Kate: New contributors, Valgrind, and a fixed bug

In the recent months Kate saw quite some contributions from developers other than “the usual kate developers”. This is really cool, areas include more work on python plugins, a lot of bug fixing and fine tuning in the vi input mode, an improved python indenter, and more unit tests. Especially one unit test turned out to be immensely useful and resulted in a fix for the infamous “rangesForLine” crash (about 40 times reported). We even decided to backport this to KDE 4.10.2, so KDevelopers and Kile LaTeXers please keep an eye open on whether this has any side effects!

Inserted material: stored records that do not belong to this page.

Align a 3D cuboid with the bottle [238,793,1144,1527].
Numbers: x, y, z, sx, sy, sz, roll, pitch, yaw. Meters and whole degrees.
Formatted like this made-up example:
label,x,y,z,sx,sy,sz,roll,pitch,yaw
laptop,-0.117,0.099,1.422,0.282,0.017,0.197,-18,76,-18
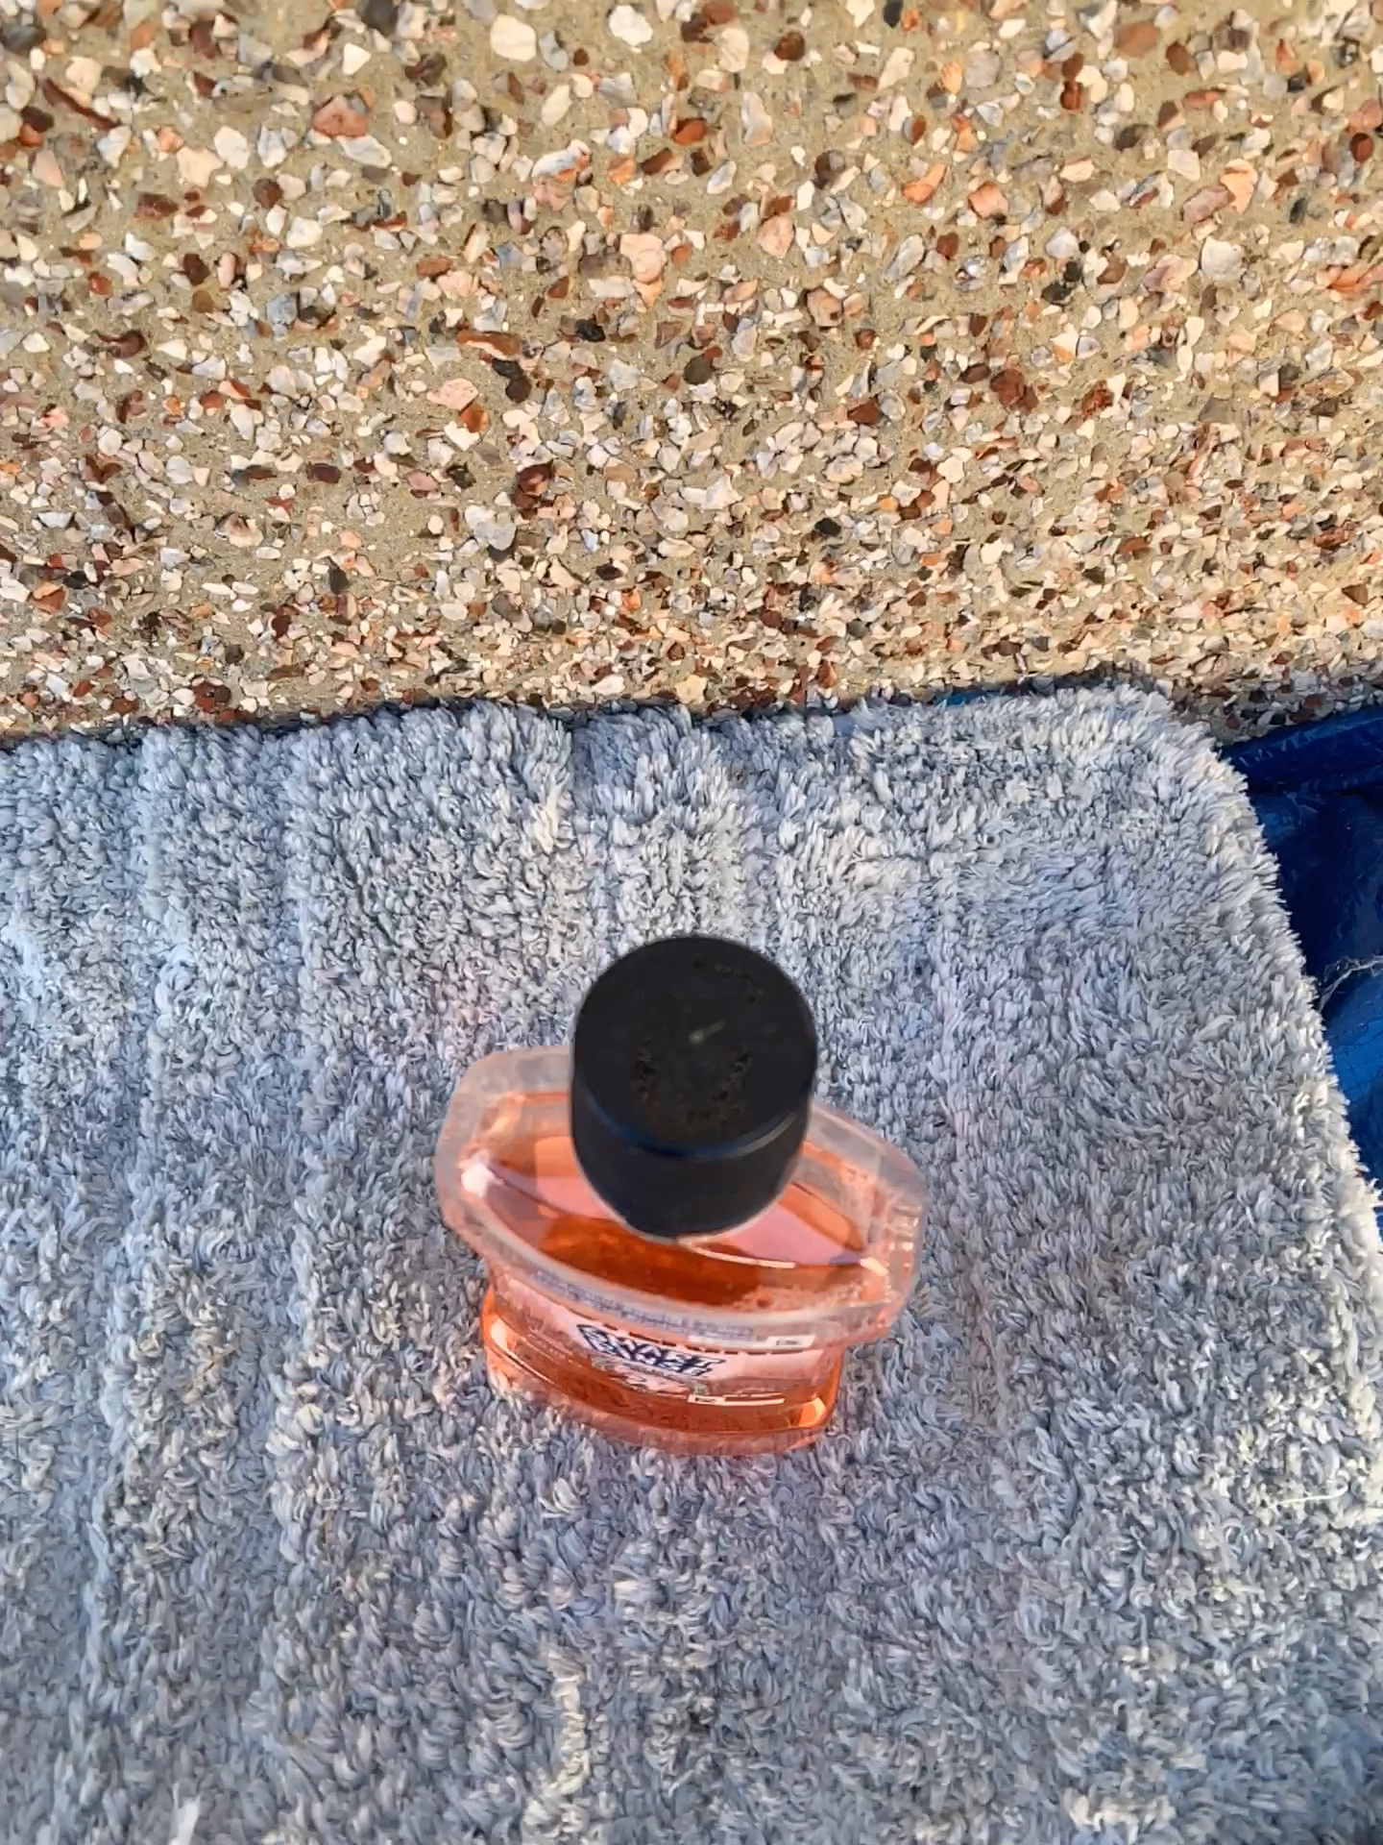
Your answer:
label,x,y,z,sx,sy,sz,roll,pitch,yaw
bottle,0.002,0.052,0.227,0.090,0.159,0.050,12,63,6

Basically, the unit test provided us with a valgrind trace. Since valgrind is a very useful tool for all developers, we’ll have a closer look at the valgrind trace:

==10276== Invalid read of size 4
==10276== at 0x62F2116: Kate::TextCursor::lineInternal() const (katetextcursor.h:134)
==10276== by 0x62F9035: Kate::TextBlock::updateRange(Kate::TextRange*) (katetextblock.cpp:572)
==10276== by 0x62F8C57: Kate::TextBlock::mergeBlock(Kate::TextBlock*) (katetextblock.cpp:522)
==10276== by 0x62EFAA1: Kate::TextBuffer::balanceBlock(int) (katetextbuffer.cpp:494)
==10276== by 0x62EF1B2: Kate::TextBuffer::unwrapLine(int) (katetextbuffer.cpp:298)
==10276== by 0x637BB9C: KateBuffer::unwrapLines(int, int) (katebuffer.cpp:292)
==10276== by 0x6359DE9: KateDocument::editRemoveLines(int, int) (katedocument.cpp:1321)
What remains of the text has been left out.